[Collection entries]
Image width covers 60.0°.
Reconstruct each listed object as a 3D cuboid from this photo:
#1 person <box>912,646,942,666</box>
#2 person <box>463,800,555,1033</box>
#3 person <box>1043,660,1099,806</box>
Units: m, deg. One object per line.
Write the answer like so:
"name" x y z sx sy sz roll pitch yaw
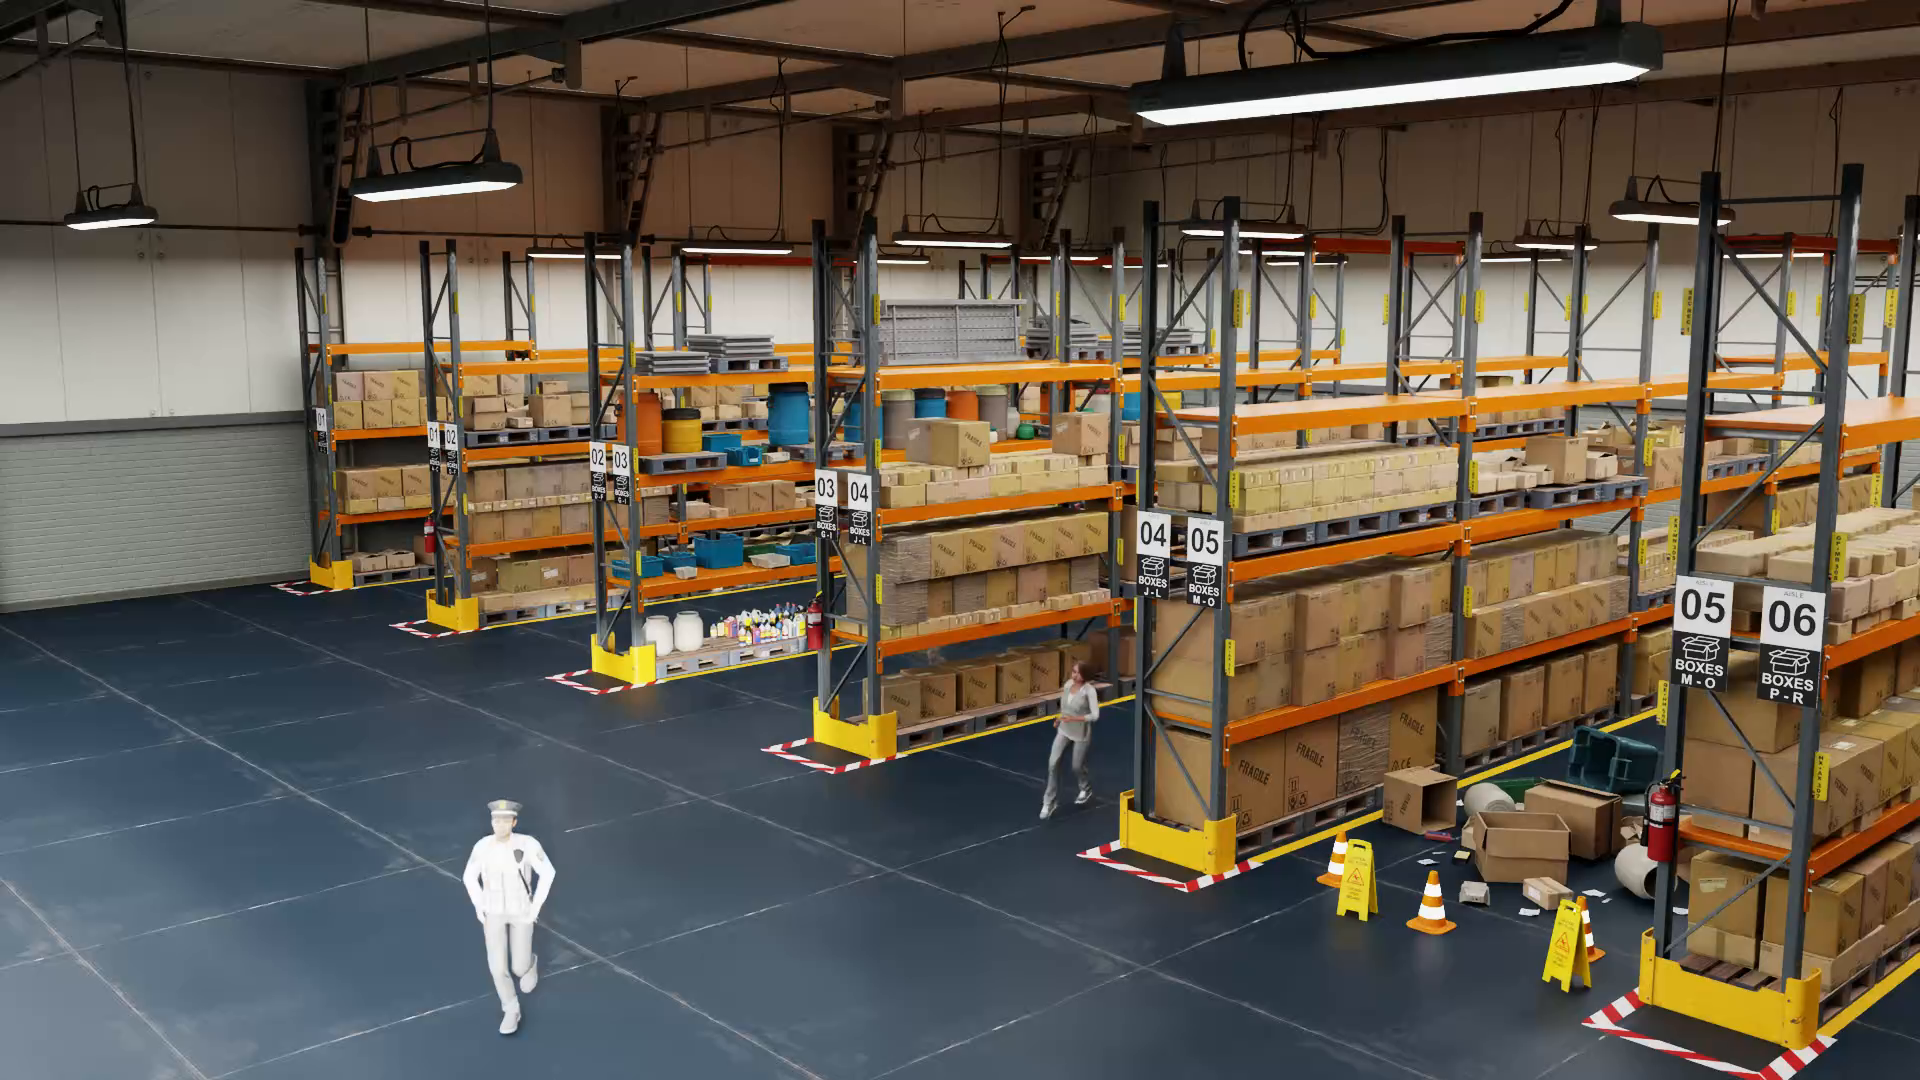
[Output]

**Exercise directions:** Your answer must be a single number: the count of lines in the records that hold the word "object".

**Exercise output:** 2